PORTLAND, Ore. (KOIN) -- It was just this past Friday that TriMet issued a warning saying fare inspectors would be out over the weekend checking tickets on trains to the Rose Garden.
It turns out that people who get caught riding MAX without a $2.50 ticket can get a reduced fine -- or no fine at all.
Ticketless rider options
It's a deal that's "not up to TriMet, it's up to the court," said TriMet Public Information Officer Roberta Altstadt.
By going to traffic court, riders can choose to serve eight hours of community service instead of paying the $175 fine. Usually that amounts to litter patrol, or other local clean-up tasks.
A spokesperson for the traffic court also said fines often are reduced by a judge -- to just $60.
Meanwhile, mass transit riders in Portland soon can buy TriMet tickets on their smartphone. Rider accounts and tickets are stored on a secure server.
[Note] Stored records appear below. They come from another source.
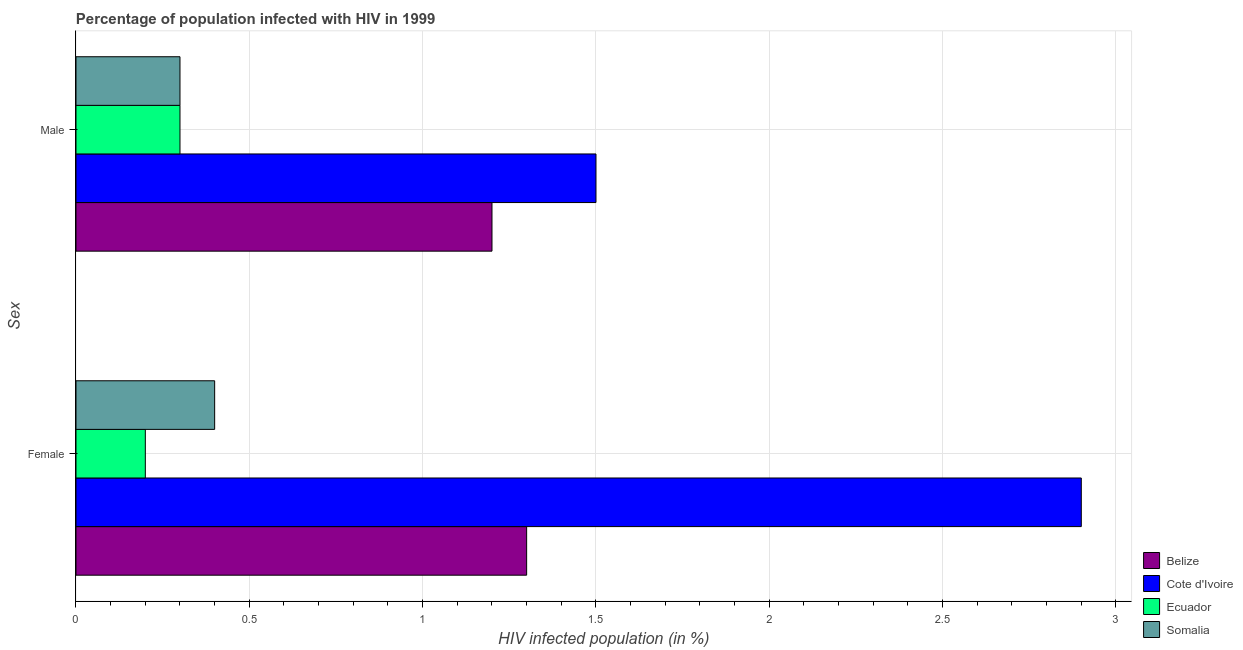How many different coloured bars are there?
Offer a very short reply. 4. How many groups of bars are there?
Your answer should be compact. 2. Are the number of bars per tick equal to the number of legend labels?
Your answer should be compact. Yes. Are the number of bars on each tick of the Y-axis equal?
Your answer should be very brief. Yes. How many bars are there on the 2nd tick from the bottom?
Make the answer very short. 4. Across all countries, what is the maximum percentage of males who are infected with hiv?
Provide a short and direct response. 1.5. Across all countries, what is the minimum percentage of males who are infected with hiv?
Provide a short and direct response. 0.3. In which country was the percentage of males who are infected with hiv maximum?
Make the answer very short. Cote d'Ivoire. In which country was the percentage of females who are infected with hiv minimum?
Your answer should be compact. Ecuador. What is the total percentage of females who are infected with hiv in the graph?
Your answer should be compact. 4.8. What is the difference between the percentage of males who are infected with hiv in Cote d'Ivoire and that in Belize?
Offer a very short reply. 0.3. What is the difference between the percentage of females who are infected with hiv in Belize and the percentage of males who are infected with hiv in Cote d'Ivoire?
Ensure brevity in your answer.  -0.2. What is the average percentage of females who are infected with hiv per country?
Your answer should be compact. 1.2. What is the difference between the percentage of females who are infected with hiv and percentage of males who are infected with hiv in Belize?
Provide a succinct answer. 0.1. In how many countries, is the percentage of females who are infected with hiv greater than 1 %?
Offer a terse response. 2. What is the ratio of the percentage of males who are infected with hiv in Belize to that in Cote d'Ivoire?
Provide a succinct answer. 0.8. Is the percentage of males who are infected with hiv in Belize less than that in Somalia?
Offer a very short reply. No. What does the 3rd bar from the top in Male represents?
Provide a succinct answer. Cote d'Ivoire. What does the 1st bar from the bottom in Female represents?
Your answer should be very brief. Belize. How many bars are there?
Keep it short and to the point. 8. Are all the bars in the graph horizontal?
Your answer should be compact. Yes. What is the difference between two consecutive major ticks on the X-axis?
Provide a succinct answer. 0.5. Does the graph contain any zero values?
Provide a short and direct response. No. Does the graph contain grids?
Provide a short and direct response. Yes. How many legend labels are there?
Offer a very short reply. 4. What is the title of the graph?
Your answer should be very brief. Percentage of population infected with HIV in 1999. What is the label or title of the X-axis?
Make the answer very short. HIV infected population (in %). What is the label or title of the Y-axis?
Your answer should be compact. Sex. What is the HIV infected population (in %) in Belize in Female?
Ensure brevity in your answer.  1.3. What is the HIV infected population (in %) of Cote d'Ivoire in Female?
Offer a very short reply. 2.9. What is the HIV infected population (in %) in Somalia in Female?
Ensure brevity in your answer.  0.4. What is the HIV infected population (in %) of Cote d'Ivoire in Male?
Offer a very short reply. 1.5. What is the HIV infected population (in %) of Somalia in Male?
Your answer should be very brief. 0.3. Across all Sex, what is the maximum HIV infected population (in %) in Belize?
Offer a terse response. 1.3. Across all Sex, what is the maximum HIV infected population (in %) of Cote d'Ivoire?
Provide a succinct answer. 2.9. Across all Sex, what is the minimum HIV infected population (in %) of Ecuador?
Keep it short and to the point. 0.2. What is the total HIV infected population (in %) in Belize in the graph?
Make the answer very short. 2.5. What is the total HIV infected population (in %) of Cote d'Ivoire in the graph?
Make the answer very short. 4.4. What is the total HIV infected population (in %) of Ecuador in the graph?
Your answer should be compact. 0.5. What is the total HIV infected population (in %) in Somalia in the graph?
Your answer should be very brief. 0.7. What is the difference between the HIV infected population (in %) of Belize in Female and that in Male?
Make the answer very short. 0.1. What is the difference between the HIV infected population (in %) of Cote d'Ivoire in Female and that in Male?
Your answer should be very brief. 1.4. What is the difference between the HIV infected population (in %) in Ecuador in Female and that in Male?
Your answer should be compact. -0.1. What is the difference between the HIV infected population (in %) of Somalia in Female and that in Male?
Your response must be concise. 0.1. What is the average HIV infected population (in %) of Belize per Sex?
Your response must be concise. 1.25. What is the average HIV infected population (in %) in Cote d'Ivoire per Sex?
Make the answer very short. 2.2. What is the average HIV infected population (in %) of Ecuador per Sex?
Ensure brevity in your answer.  0.25. What is the difference between the HIV infected population (in %) of Belize and HIV infected population (in %) of Cote d'Ivoire in Female?
Ensure brevity in your answer.  -1.6. What is the difference between the HIV infected population (in %) of Belize and HIV infected population (in %) of Somalia in Female?
Offer a very short reply. 0.9. What is the difference between the HIV infected population (in %) of Cote d'Ivoire and HIV infected population (in %) of Ecuador in Female?
Make the answer very short. 2.7. What is the difference between the HIV infected population (in %) in Cote d'Ivoire and HIV infected population (in %) in Somalia in Female?
Make the answer very short. 2.5. What is the difference between the HIV infected population (in %) of Belize and HIV infected population (in %) of Somalia in Male?
Offer a terse response. 0.9. What is the difference between the HIV infected population (in %) in Cote d'Ivoire and HIV infected population (in %) in Ecuador in Male?
Provide a short and direct response. 1.2. What is the difference between the HIV infected population (in %) of Ecuador and HIV infected population (in %) of Somalia in Male?
Provide a short and direct response. 0. What is the ratio of the HIV infected population (in %) of Belize in Female to that in Male?
Offer a very short reply. 1.08. What is the ratio of the HIV infected population (in %) in Cote d'Ivoire in Female to that in Male?
Provide a short and direct response. 1.93. What is the ratio of the HIV infected population (in %) of Somalia in Female to that in Male?
Offer a terse response. 1.33. What is the difference between the highest and the second highest HIV infected population (in %) of Cote d'Ivoire?
Make the answer very short. 1.4. What is the difference between the highest and the second highest HIV infected population (in %) in Ecuador?
Offer a very short reply. 0.1. What is the difference between the highest and the lowest HIV infected population (in %) of Belize?
Make the answer very short. 0.1. What is the difference between the highest and the lowest HIV infected population (in %) of Ecuador?
Give a very brief answer. 0.1. What is the difference between the highest and the lowest HIV infected population (in %) in Somalia?
Give a very brief answer. 0.1. 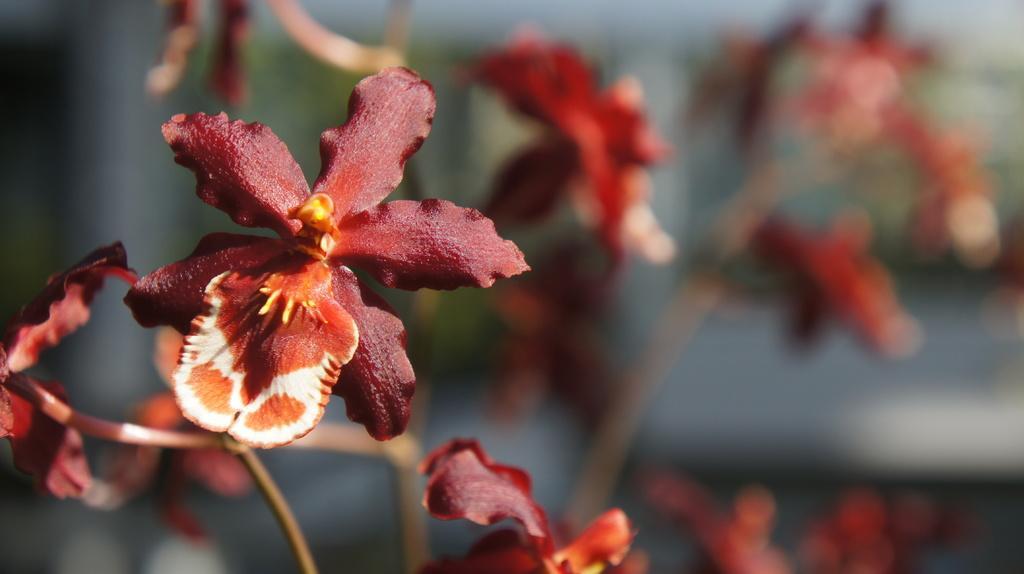Please provide a concise description of this image. In the image we can see flowers, brown, pale brown and white in color. And the background is blurred. 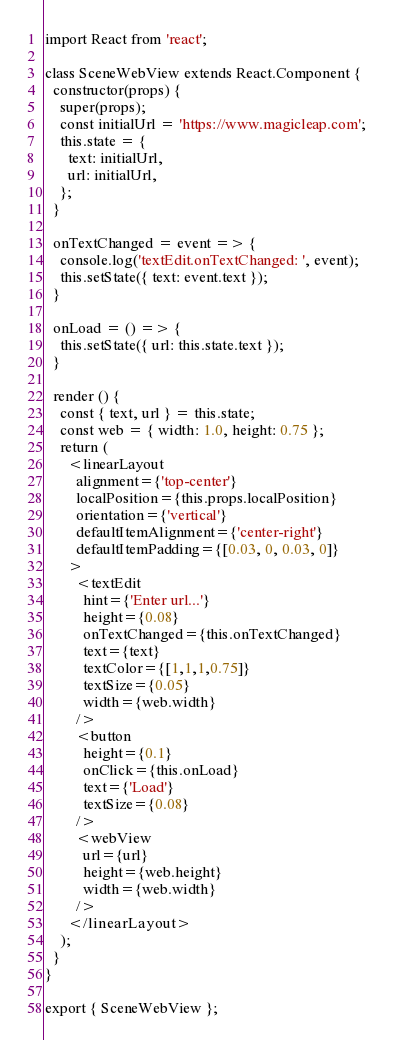<code> <loc_0><loc_0><loc_500><loc_500><_JavaScript_>import React from 'react';

class SceneWebView extends React.Component {
  constructor(props) {
    super(props);
    const initialUrl = 'https://www.magicleap.com';
    this.state = {
      text: initialUrl,
      url: initialUrl,
    };
  }

  onTextChanged = event => {
    console.log('textEdit.onTextChanged: ', event);
    this.setState({ text: event.text });
  }

  onLoad = () => {
    this.setState({ url: this.state.text });
  }

  render () {
    const { text, url } = this.state;
    const web = { width: 1.0, height: 0.75 };
    return (
      <linearLayout 
        alignment={'top-center'}
        localPosition={this.props.localPosition}
        orientation={'vertical'}
        defaultItemAlignment={'center-right'}
        defaultItemPadding={[0.03, 0, 0.03, 0]}
      >
        <textEdit 
          hint={'Enter url...'}
          height={0.08}
          onTextChanged={this.onTextChanged}
          text={text}
          textColor={[1,1,1,0.75]}
          textSize={0.05}
          width={web.width}
        />
        <button 
          height={0.1}
          onClick={this.onLoad}
          text={'Load'}
          textSize={0.08}
        />
        <webView 
          url={url} 
          height={web.height} 
          width={web.width}
        />
      </linearLayout>
    );
  }
}

export { SceneWebView };
</code>

In TriMet's mobile app FAQ, users are instructed to "only activate your ticket when you are ready to board your bus or train."
TriMet is starting a beta test of the option, with 150 people trying out the app. About 1,500 people applied to be part of the test. The app is expected to be available to everyone with a smart phone this summer.
Project Clean Slate
The option to swap eight hours of volunteer time for a city-related fine isn't new in Multnomah County.
Project Clean Slate allows those with suspended licenses, no licenses or delinquent traffic fines to perform community service for all or part of the past delinquent fines. Participants are required to attend and participate in a Personal and Community Responsibility Classes of eight hours or more.
However, there's still a fee under this program. A fee of $250 goes to the Oregon State Police for expungement of traffic records, and there may be an additional fingerprinting fee. The Personal and Community Responsibility Classes costs another $250, the program reports.